Cystic Fibrosis

CF Clinical Advisory Board

Highly respected key opinion leaders in cystic fibrosis

Synedgen’s Clinical Advisory Board includes internationally respected leaders in cystic fibrosis to guide our clinical development. This team advises appropriate design of drug administration, critiques drug development plans and trial design, and also assesses the potential impact of the drug for strategic partners and investors.

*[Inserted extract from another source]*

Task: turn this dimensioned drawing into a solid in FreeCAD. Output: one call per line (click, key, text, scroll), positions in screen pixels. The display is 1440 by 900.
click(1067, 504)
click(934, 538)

Dr. Jim Chmiel is Clinical Director of Pediatric Pulmonology at UH Rainbow Babies and Children’s Hospital, and Associate Professor of Pediatrics at Case Western Reserve University School of Medicine. His clinical expertise and research involves understanding the inflammatory response of the lung, particularly as it relates to asthma and cystic fibrosis, and the impact of anti-inflammatory therapeutics upon this response.

Dr. John Clancy is Professor of Pediatrics at the University of Cincinnati, Tom Boat Chair in Cystic Fibrosis Clinical and Translational Research, and Research Director, Division of Pulmonary Medicine at Cincinnati Children’s Hospital. He specializes in cystic fibrosis, airway cellular biology, and CFTR regulation. Dr. Clancy has served in several leadership roles at University of Alabama, Cincinnati Children’s Hospital, and within the international cystic fibrosis community.

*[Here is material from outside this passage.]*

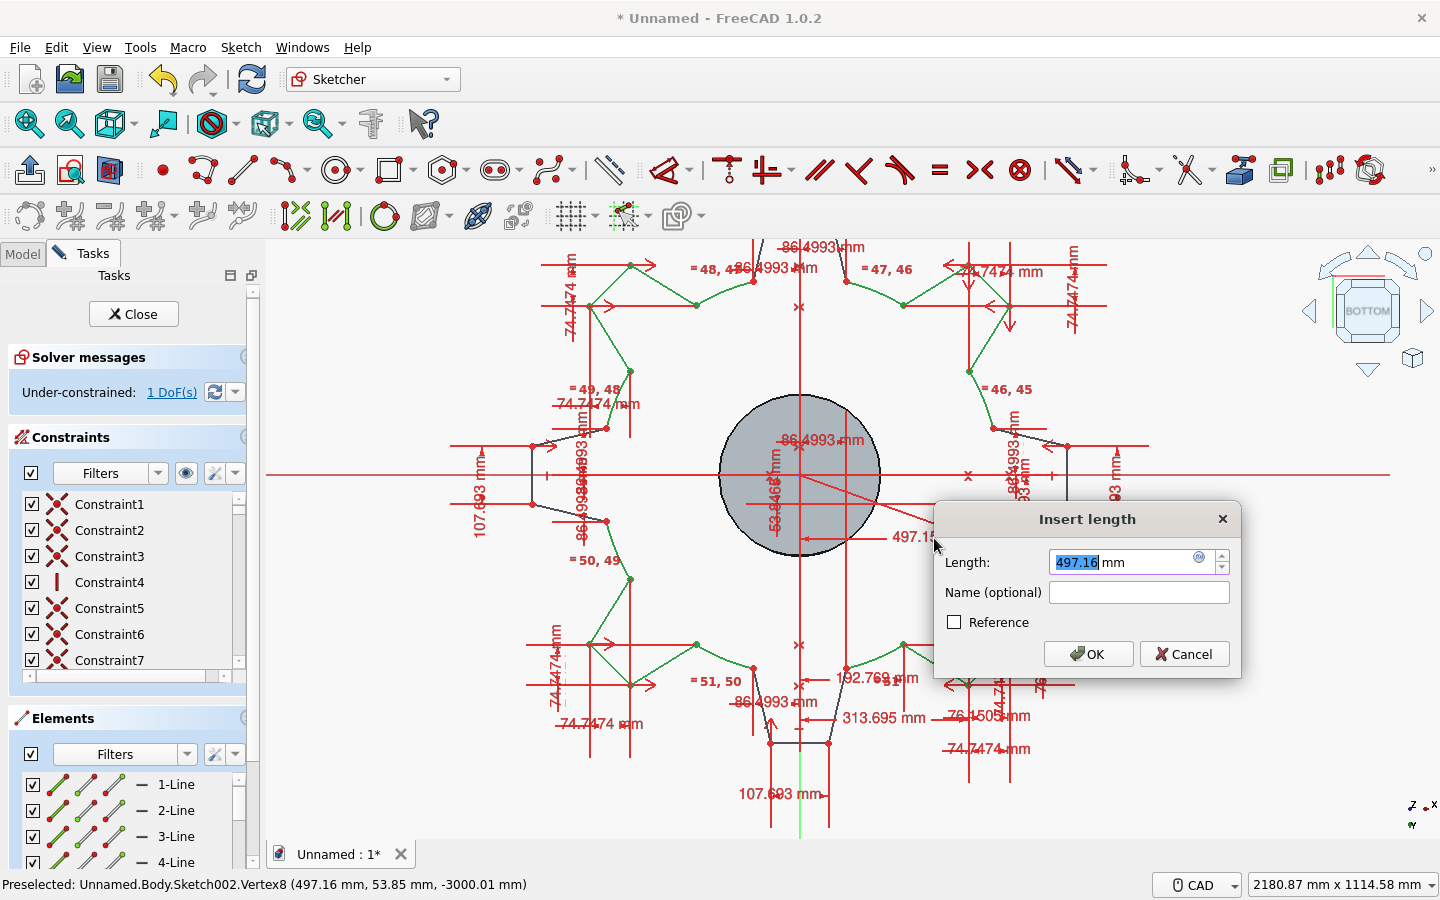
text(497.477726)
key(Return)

Dr. Bonnie Ramsey is the past Director of the Center for Clinical and Translational Research at Seattle Children’s Research Institute. Dr. Ramsey is co-PI of the University of Washington Institute for Translational Health Sciences, which provides extensive clinical research infrastructure at Seattle Children’s Hospital. She is Professor and Vice Chair for research in the Department of Pediatrics, and holds the Endowed Chair in Cystic Fibrosis at the University of Washington School of Medicine. Her career has focused on clinical care and research in the field of cystic fibrosis. She is internationally recognized for her work in developing new therapies for patients with cystic fibrosis and bringing them to market, most notably Tobramycin. She remains active in the CF Therapeutics Development Network that directs clinical trials throughout the United States.

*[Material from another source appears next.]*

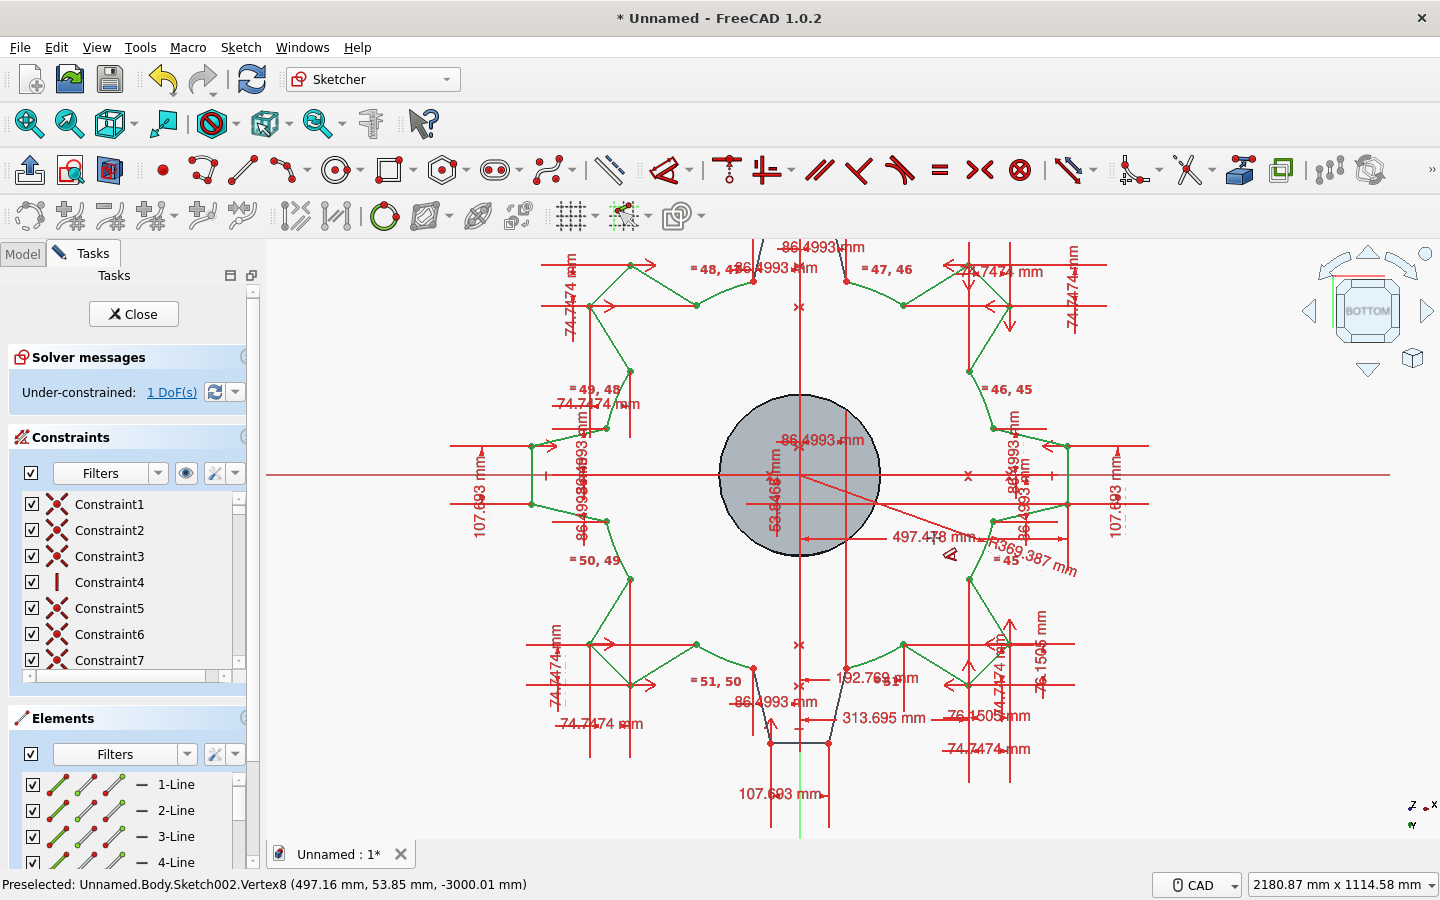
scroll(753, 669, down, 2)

Dr. Steven Rowe is Professor of Pulmonary Medicine and Physiology & Biophysics at the University of Alabama at Birmingham. He currently serves as Director of the UAB CF Transition Clinic for adolescent young adults with cystic fibrosis, and Director of the CFF Therapeutics Development Network, Center for CFTR Detection. Dr. Rowe specializes in developing new treatments for cystic fibrosis, and maintains expertise in the design and conduct of clinical trials targeting the basic CF defect. Dr. Rowe has an interest in biomarkers of CF, including ion transport and the relation between mucus stasis and inflammation. He also directs an International Mucus Clearance Consortium, including basic and translational scientists charged with improving the mechanistic understanding of the mucus clearance defect in cystic fibrosis, and novel means to monitor the process.